Culinary affinities start early with dishes a child associates with pleasure and well-being. Other food passions develop along with personal identity — self-discovered and all the more satisfying for it. And some just sneak up on you over the years, until one day you realize that they have a powerful effect on your psyche.

The following chain of events actually happened. I was at a recital, actually a memorial for a great lover and patron of classical music. Her grown-up children all play, and one of them, a professional pianist who had just flown in from Pittsburgh, told me that whenever she arrives in San Francisco, she heads straight for Just Won Ton, a tiny mom-and-pop operation in the Sunset district that has been preparing won ton soup and a few other homey dishes for 17 years.

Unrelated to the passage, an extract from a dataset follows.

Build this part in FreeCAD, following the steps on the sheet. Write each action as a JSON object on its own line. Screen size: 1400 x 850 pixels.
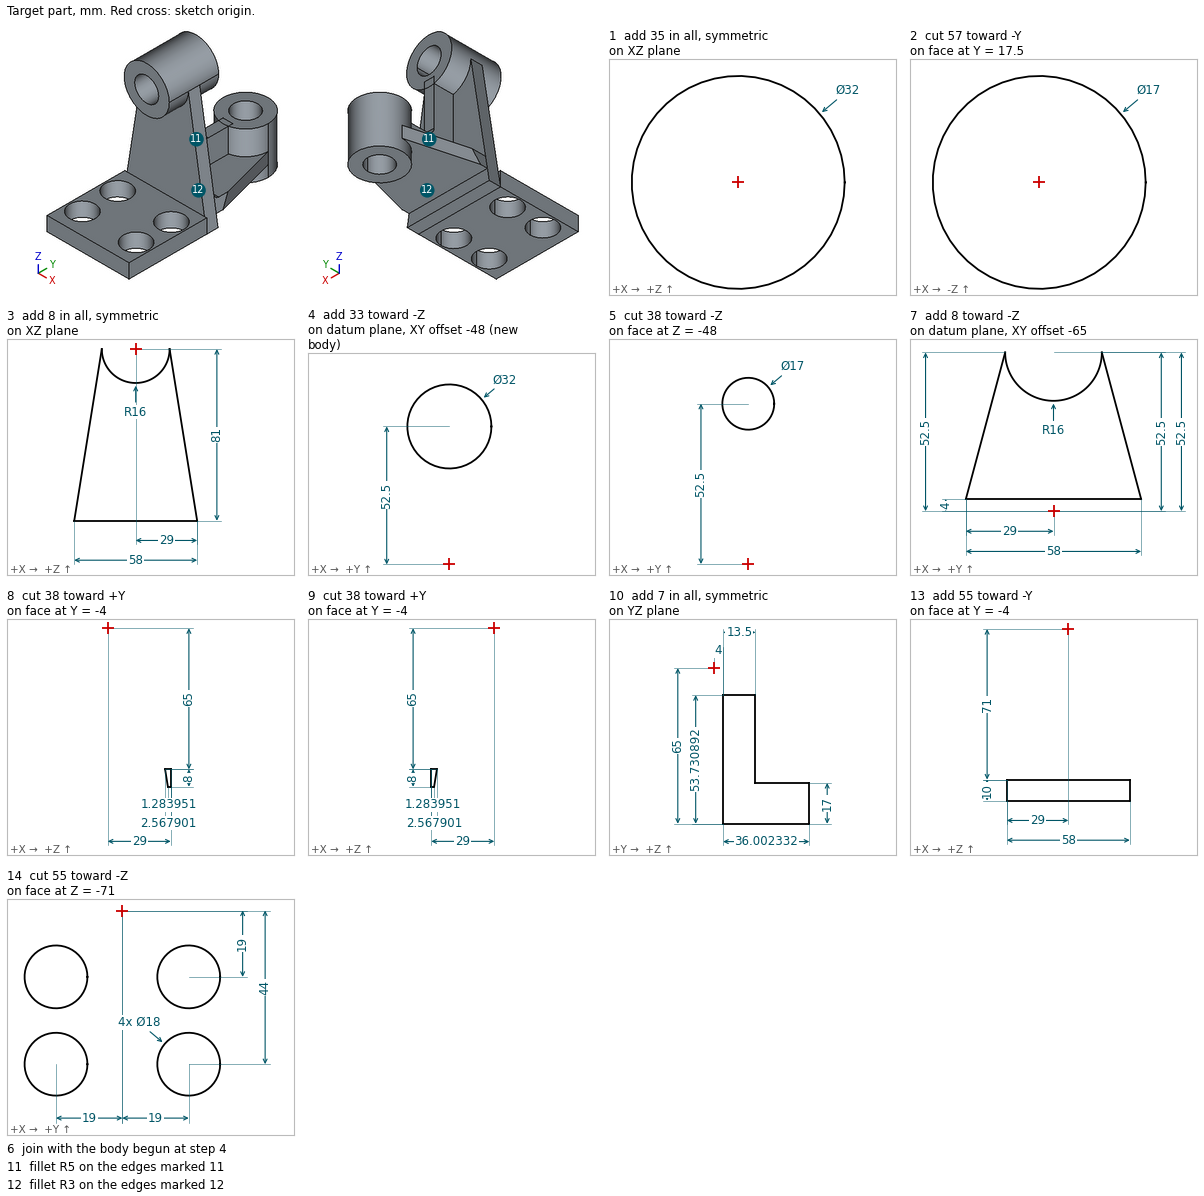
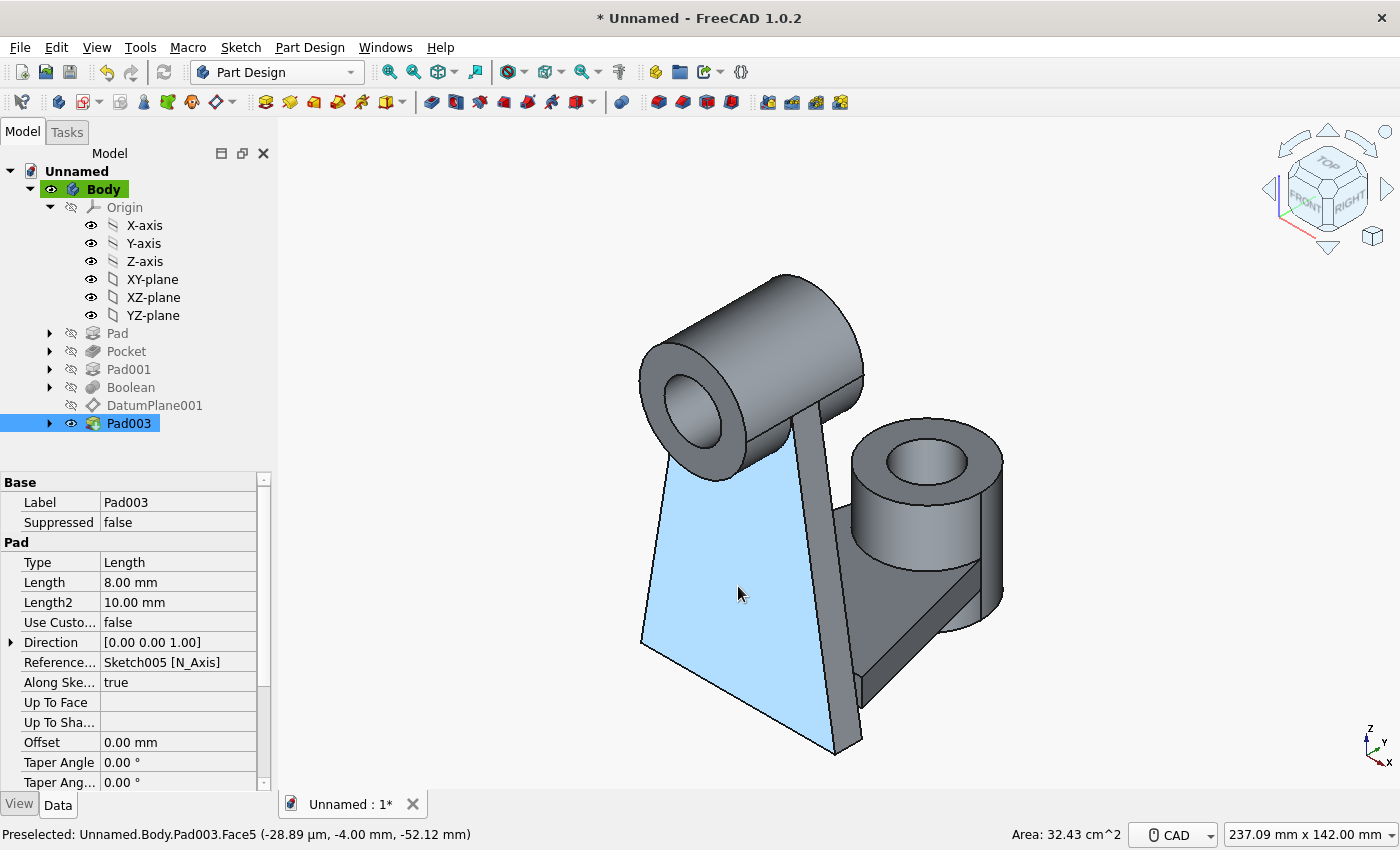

“I think about having a bowl of won ton soup and brisket during the whole plane ride.” she said.

Shortly after this conversation, I too landed at SFO after a long trip, and almost unconsciously ended up at Just Won Ton in front of a big bowl of won ton and dumpling soup ($5.05).

The broth was flavorful and salty, just the way I like it. (I’m a salt freak. I admit it.)

Small, plump won tons filled with sweet shrimp seasoned with a whisper of toasted, pulverized dried fish (which gives them a background nuttiness) vied for space in the bowl with larger, crescent-shaped dumplings with a savory pork and shrimp filling. A few tiny heads of baby bok choy floated on top.

This was just the kind of dish that makes me feel human again, especially when served in an immaculate, almost quaint little restaurant with all of eight tables covered in blue-and-white checked oil cloth.

The other dish I adore here is also a home-style dish: shrimp and soft egg on ho fun noodles ($7.85).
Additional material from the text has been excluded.